António Paiva - Intenção ou dedicatória de uma peregrinação, tal como quando se faz um voto e se o vai cumprir nas nossas peregrinações domésticas?
Pedro Teixeira da Mota- Sim, vem de ex-voto, de voto, de dedicação, acto de graças para se cumprir a promessa feita, se um pedido fosse satisfeito, ou por intenção de alguém que falecera. Só que, quando falo das dedicatórias nas peregrinações, entendo o realizá-las com uma intenção: faço esta peregrinação com o voto que as energias luminosas que eu porei em acção, nomeadamente através de rezas e asceses, serão pelo meu antepassado que já está no além. Ou dedico os meus esforços para obter mais certeza se a Divindade tem para mim ou não uma certa forma ou face determinada. Ou se existem ou não os anjos, em especial os da guarda. Ou se me devo unir a certa pessoa ou não, etc.

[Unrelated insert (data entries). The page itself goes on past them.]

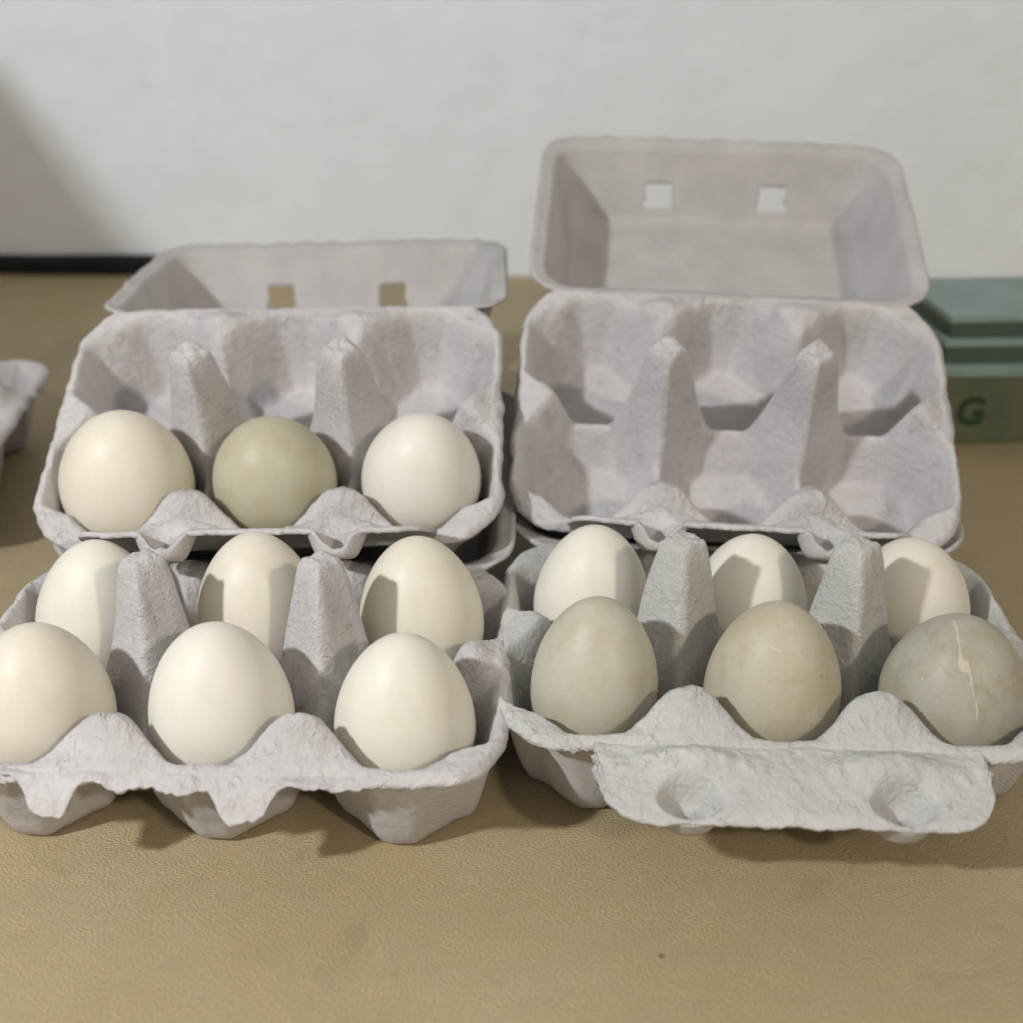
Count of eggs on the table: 15
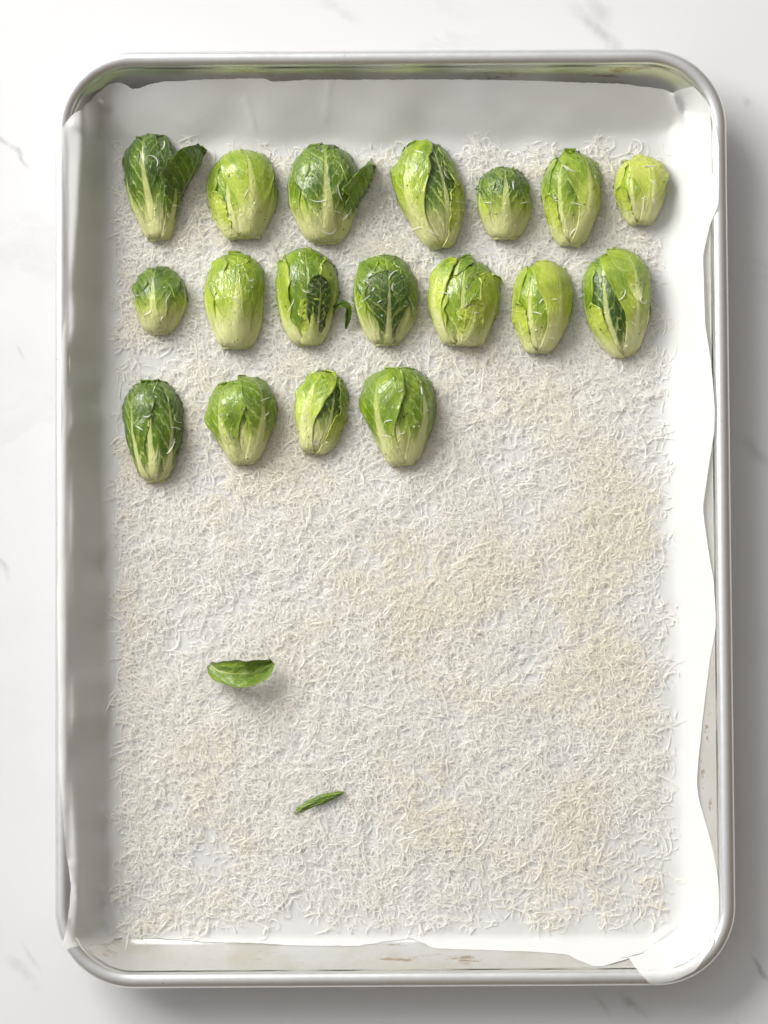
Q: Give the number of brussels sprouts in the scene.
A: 18
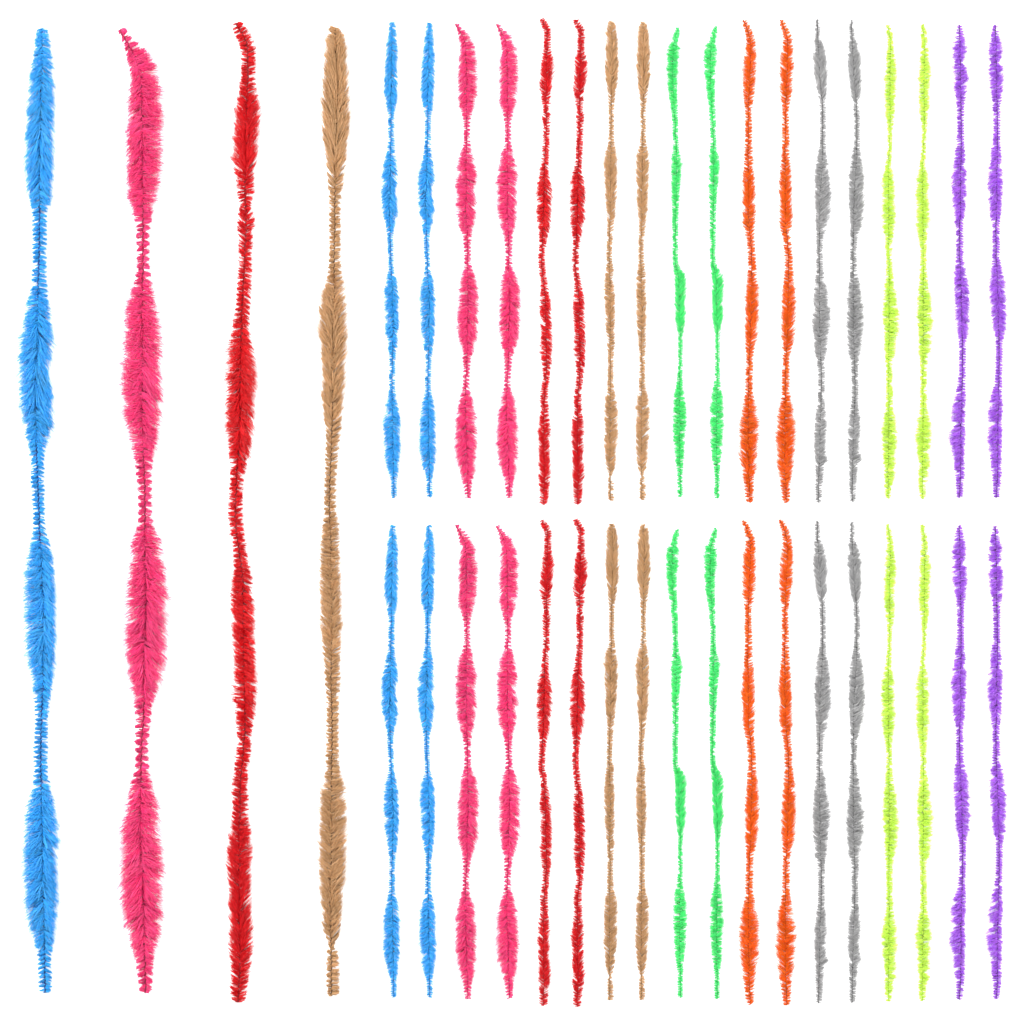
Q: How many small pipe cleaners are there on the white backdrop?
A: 36
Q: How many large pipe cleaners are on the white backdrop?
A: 4
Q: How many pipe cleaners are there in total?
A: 40
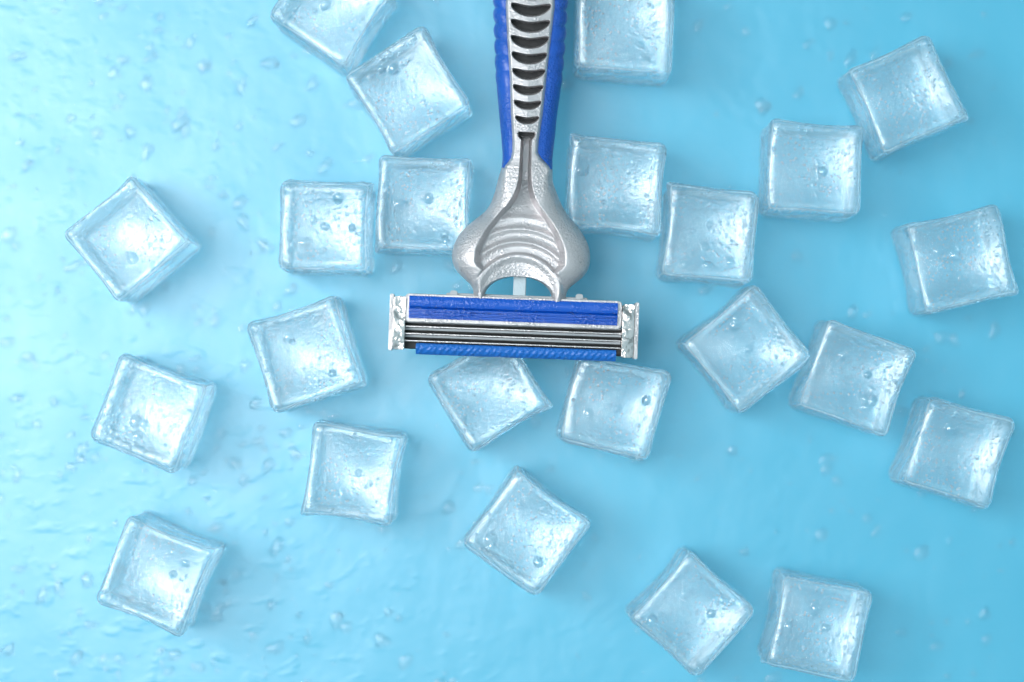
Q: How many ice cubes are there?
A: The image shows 23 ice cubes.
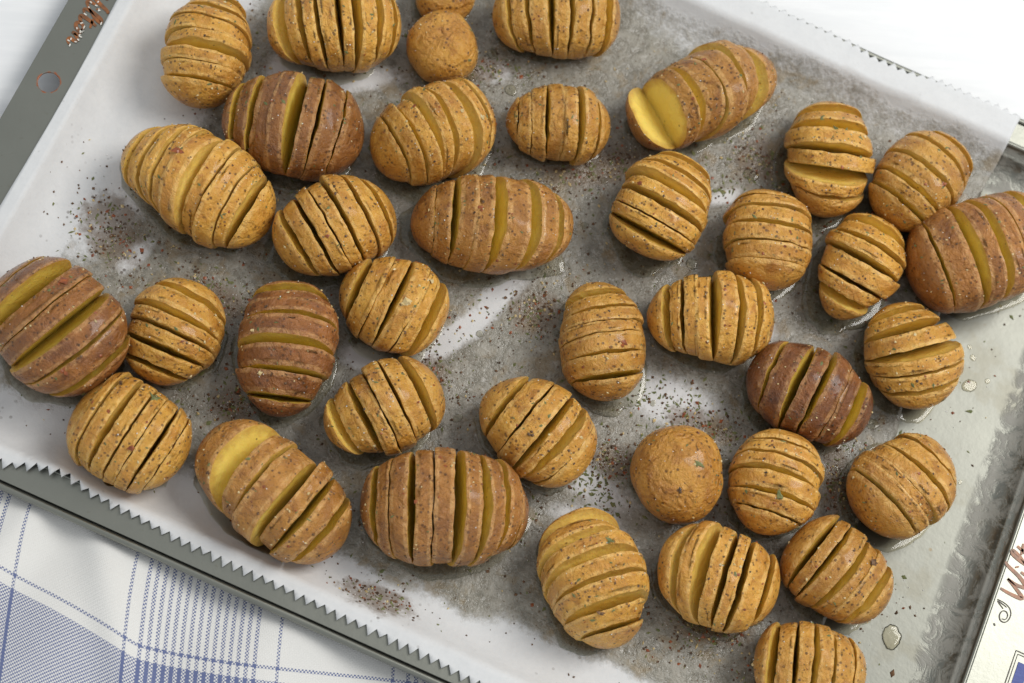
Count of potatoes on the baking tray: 38
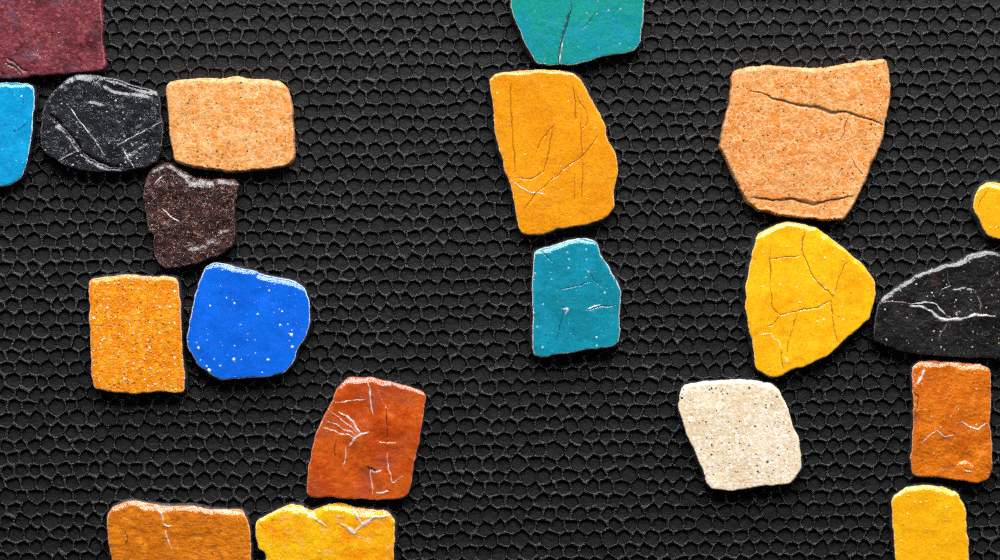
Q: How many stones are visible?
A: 20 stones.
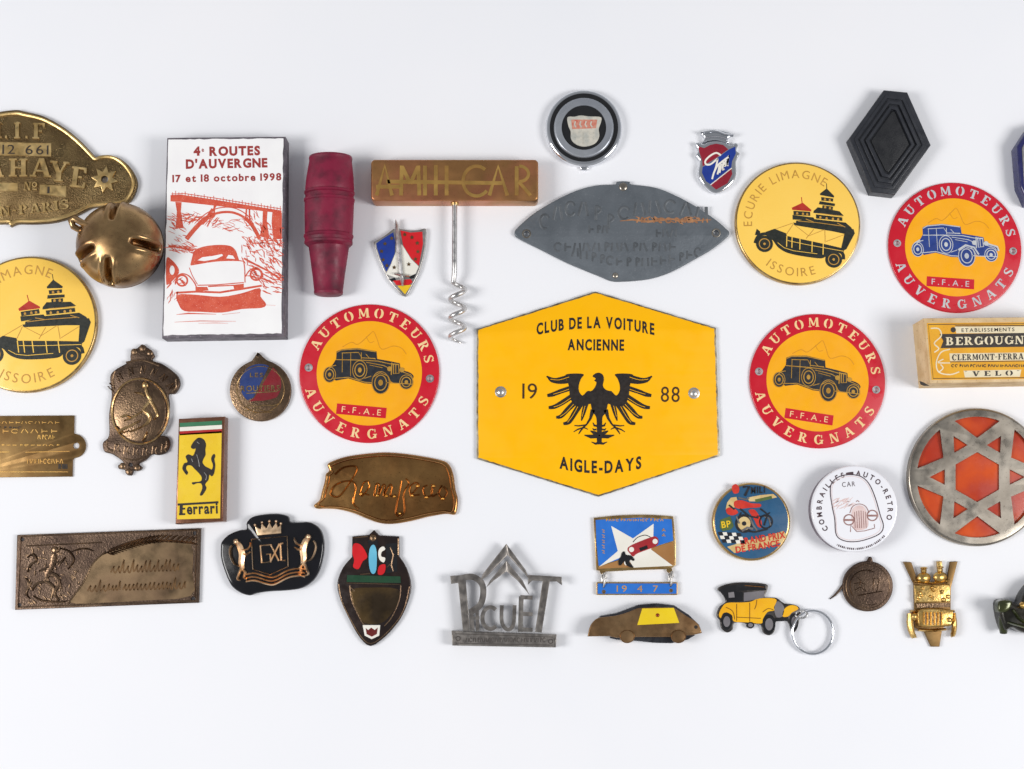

Cada um de nós ao iniciar uma peregrinação pode escolher um pedido, uma bênção do alto e se trilharmos o caminho luminosamente a resposta vem, talvez no ponto mais difícil e mais alto do Caminho, ou quando meditamos mais tempo, e recebemos então os sinais ou esclarecimentos e alegramo-nos e fortalecemo-nos espiritualmente.